● **Data for the task**

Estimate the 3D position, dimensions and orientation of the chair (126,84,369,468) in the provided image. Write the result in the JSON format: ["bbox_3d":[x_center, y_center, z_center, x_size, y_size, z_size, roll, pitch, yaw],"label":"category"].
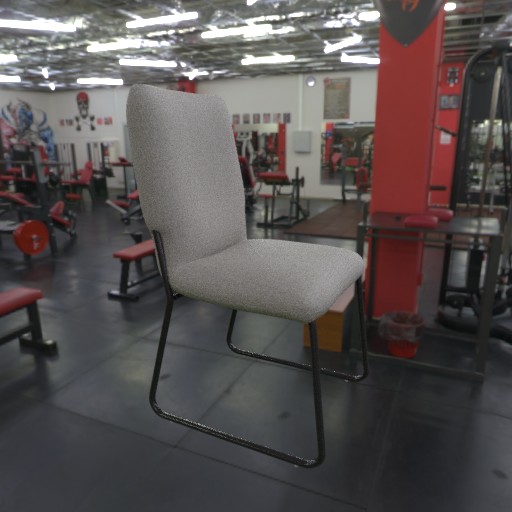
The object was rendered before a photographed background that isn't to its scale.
[{"bbox_3d":[0.000,0.000,1.198,0.560,0.864,0.448,7,17,26],"label":"chair"}]
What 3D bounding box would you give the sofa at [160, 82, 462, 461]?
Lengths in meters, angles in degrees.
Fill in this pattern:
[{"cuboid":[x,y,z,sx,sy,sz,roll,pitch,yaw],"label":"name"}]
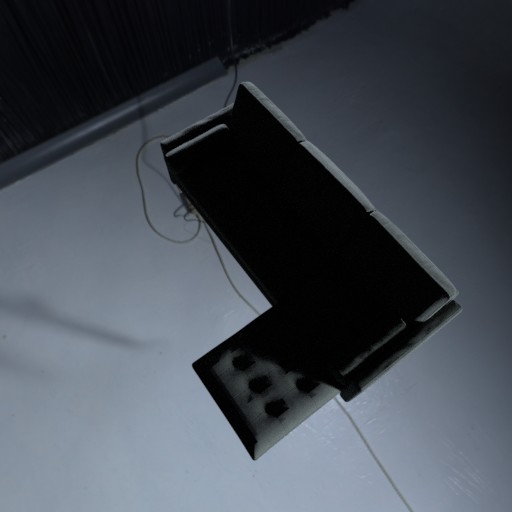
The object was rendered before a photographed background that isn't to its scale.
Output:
[{"cuboid":[0.000,0.000,2.989,1.506,0.876,2.178,-33,69,-15],"label":"sofa"}]
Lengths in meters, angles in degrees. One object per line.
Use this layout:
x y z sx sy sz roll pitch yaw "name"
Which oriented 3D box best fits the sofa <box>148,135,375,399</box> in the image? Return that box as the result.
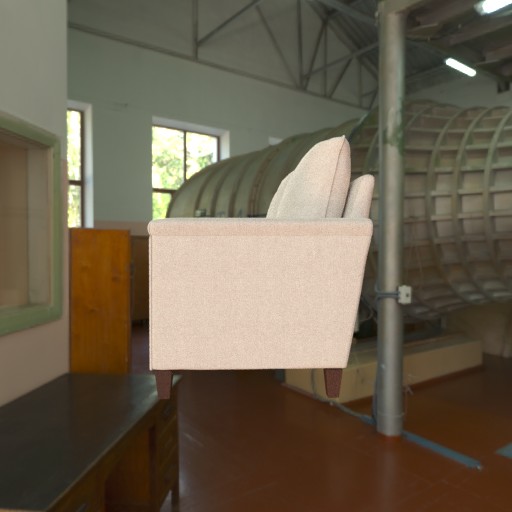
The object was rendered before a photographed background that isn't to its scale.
0.000 0.000 2.468 0.828 0.961 1.925 0 1 -2 "sofa"
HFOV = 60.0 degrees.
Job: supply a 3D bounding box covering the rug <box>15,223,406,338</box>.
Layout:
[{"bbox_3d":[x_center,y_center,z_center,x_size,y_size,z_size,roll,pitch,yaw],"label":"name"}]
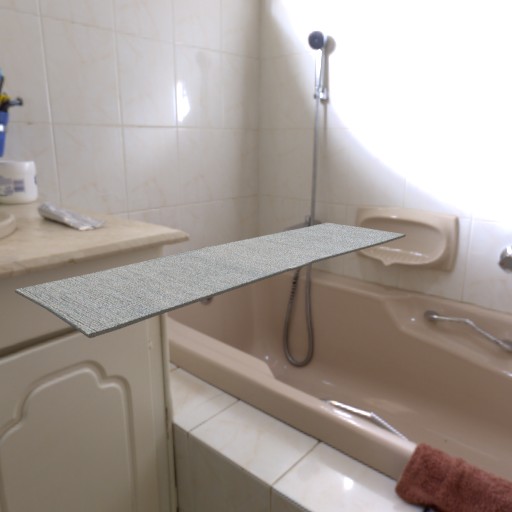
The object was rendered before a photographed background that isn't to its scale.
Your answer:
[{"bbox_3d":[0.000,0.000,2.528,0.675,0.037,2.341,14,20,42],"label":"rug"}]
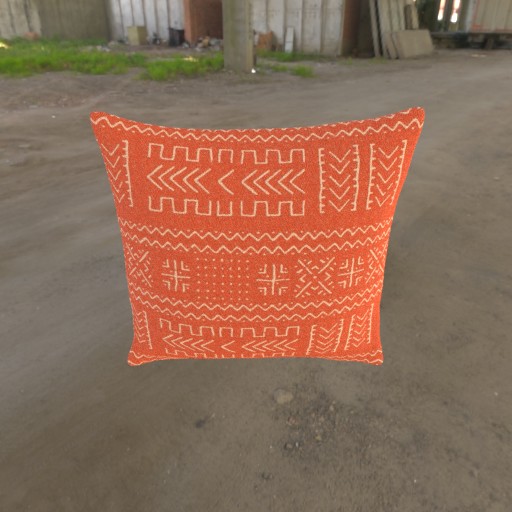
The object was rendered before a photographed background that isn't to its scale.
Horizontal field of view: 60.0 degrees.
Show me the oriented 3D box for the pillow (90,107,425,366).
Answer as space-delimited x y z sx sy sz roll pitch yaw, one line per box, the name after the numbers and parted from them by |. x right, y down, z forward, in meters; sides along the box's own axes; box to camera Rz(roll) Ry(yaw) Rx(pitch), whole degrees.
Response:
0.000 0.000 0.667 0.438 0.429 0.164 0 29 -1 | pillow
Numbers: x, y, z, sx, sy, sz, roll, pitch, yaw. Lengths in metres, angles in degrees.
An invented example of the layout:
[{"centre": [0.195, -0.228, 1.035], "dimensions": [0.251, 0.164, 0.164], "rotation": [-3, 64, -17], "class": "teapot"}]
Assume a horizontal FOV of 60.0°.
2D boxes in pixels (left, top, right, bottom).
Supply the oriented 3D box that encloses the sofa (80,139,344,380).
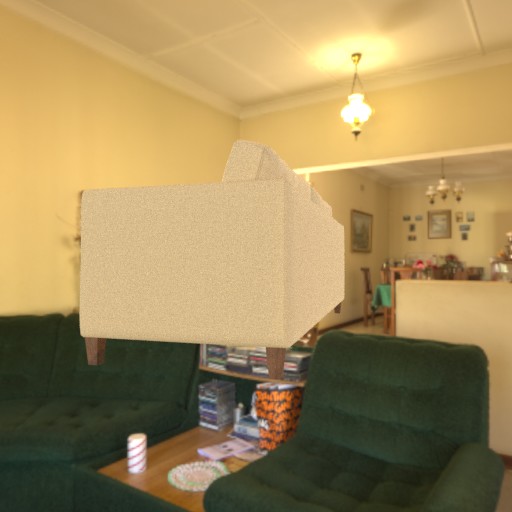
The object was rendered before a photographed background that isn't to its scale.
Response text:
[{"centre": [0.000, 0.000, 2.905], "dimensions": [0.951, 0.968, 2.361], "rotation": [0, -1, 16], "class": "sofa"}]
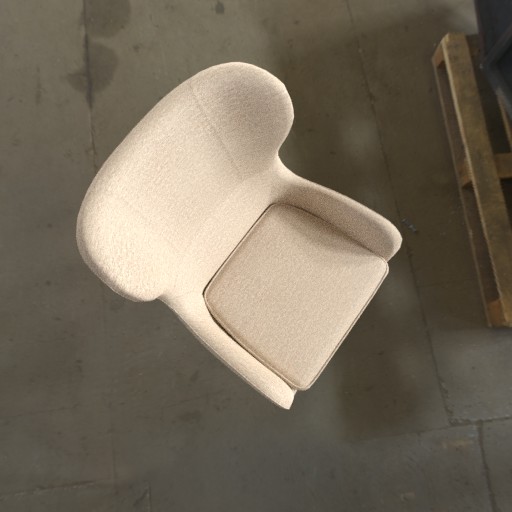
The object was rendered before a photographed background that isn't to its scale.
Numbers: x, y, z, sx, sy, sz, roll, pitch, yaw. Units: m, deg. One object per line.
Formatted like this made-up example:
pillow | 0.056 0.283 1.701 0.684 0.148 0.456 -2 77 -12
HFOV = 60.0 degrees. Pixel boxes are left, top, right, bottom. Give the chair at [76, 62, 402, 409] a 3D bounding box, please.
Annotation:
chair | 0.000 0.000 1.814 0.984 1.064 0.861 36 79 8
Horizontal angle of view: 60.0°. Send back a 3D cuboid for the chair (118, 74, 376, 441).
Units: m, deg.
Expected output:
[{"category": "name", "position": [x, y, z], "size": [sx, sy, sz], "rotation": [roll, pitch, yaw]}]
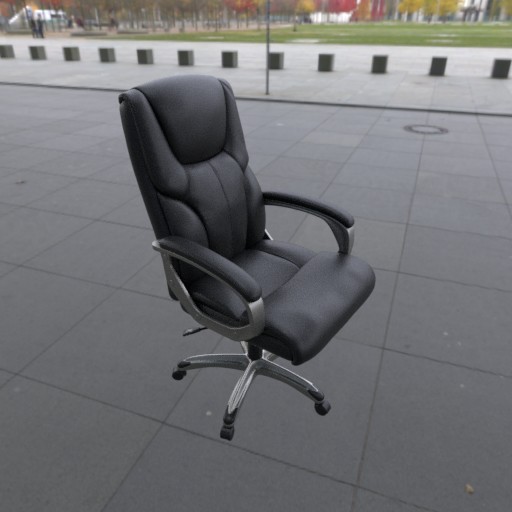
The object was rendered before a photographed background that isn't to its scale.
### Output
[{"category": "chair", "position": [0.000, 0.000, 1.577], "size": [0.739, 1.155, 0.663], "rotation": [19, 34, 31]}]
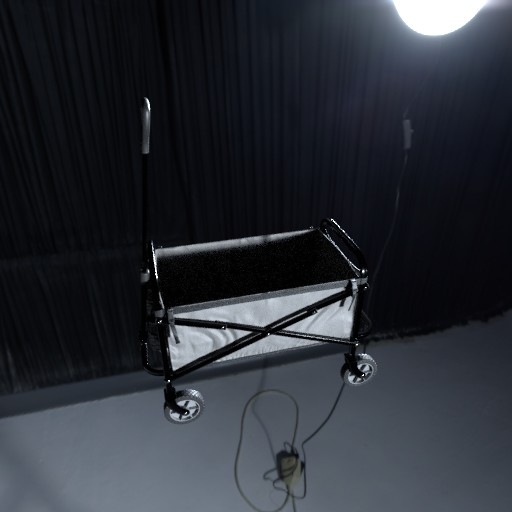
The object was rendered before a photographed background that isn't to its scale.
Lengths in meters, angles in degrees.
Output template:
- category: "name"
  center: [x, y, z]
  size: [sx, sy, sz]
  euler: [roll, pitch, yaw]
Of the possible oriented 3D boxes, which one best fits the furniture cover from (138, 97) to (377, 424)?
- category: "furniture cover"
  center: [0.000, 0.000, 1.843]
  size: [1.038, 1.295, 0.532]
  euler: [-8, 32, -13]
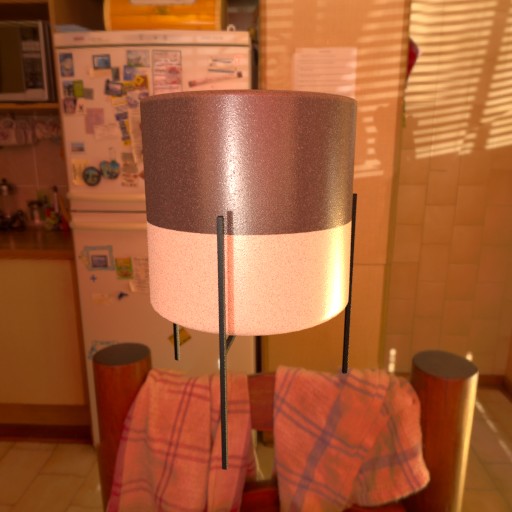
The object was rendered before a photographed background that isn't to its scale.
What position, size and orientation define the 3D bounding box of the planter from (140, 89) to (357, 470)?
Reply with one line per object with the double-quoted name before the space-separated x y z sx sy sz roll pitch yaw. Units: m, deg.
"planter" 0.000 0.000 0.538 0.260 0.353 0.250 -7 16 -27
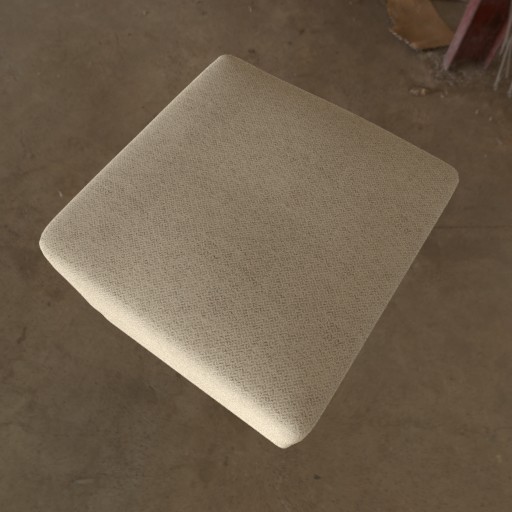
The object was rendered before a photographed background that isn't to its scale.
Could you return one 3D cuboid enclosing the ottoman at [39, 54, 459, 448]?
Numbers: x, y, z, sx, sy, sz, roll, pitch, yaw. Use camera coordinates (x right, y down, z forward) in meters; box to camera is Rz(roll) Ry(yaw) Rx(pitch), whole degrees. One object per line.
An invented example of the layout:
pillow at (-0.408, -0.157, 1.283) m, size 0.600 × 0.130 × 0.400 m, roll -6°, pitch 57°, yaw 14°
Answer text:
ottoman at (0.000, 0.000, 0.889) m, size 0.512 × 0.453 × 0.521 m, roll 32°, pitch 69°, yaw 14°
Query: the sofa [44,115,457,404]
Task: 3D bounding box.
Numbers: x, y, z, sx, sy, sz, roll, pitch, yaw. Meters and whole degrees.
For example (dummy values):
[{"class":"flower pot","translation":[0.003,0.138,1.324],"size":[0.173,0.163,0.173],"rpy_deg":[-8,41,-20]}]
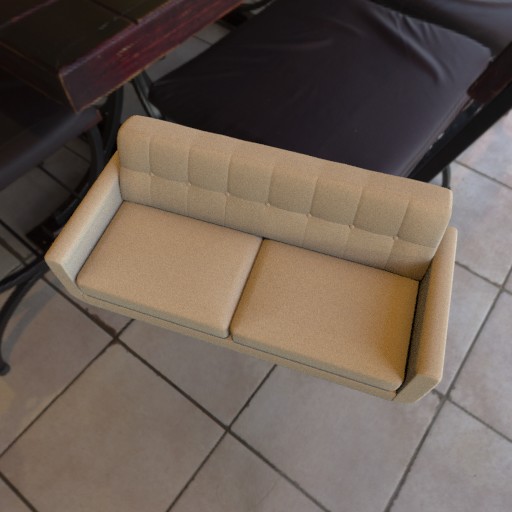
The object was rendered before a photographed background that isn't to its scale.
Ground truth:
[{"class":"sofa","translation":[0.000,0.000,2.599],"size":[2.137,0.892,0.980],"rpy_deg":[16,59,10]}]

● **Exercise**
Scan the listing and copy every line where the string "whole" shows up.

● **Worked solution**
Answer as space-delimited x y z sx sy sz roll pitch yaw, one line per box, the name after the numbers and parted from them by |. x right, y down, z forward, in meters; sides along the box's own axes; box to camera Rz(roll) Ry(yaw) Rx(pitch), whole degrees.
Numbers: x, y, z, sx, sy, sz, roll, pitch, yaw. Use camera coordinates (x right, y down, z forward) in meters; box to camera is Rz(roll) Ry(yaw) Rx(pitch), whole degrees. One object per line.
Numbers: x, y, z, sx, sy, sz, roll, pitch, yaw. Meters and whole degrees.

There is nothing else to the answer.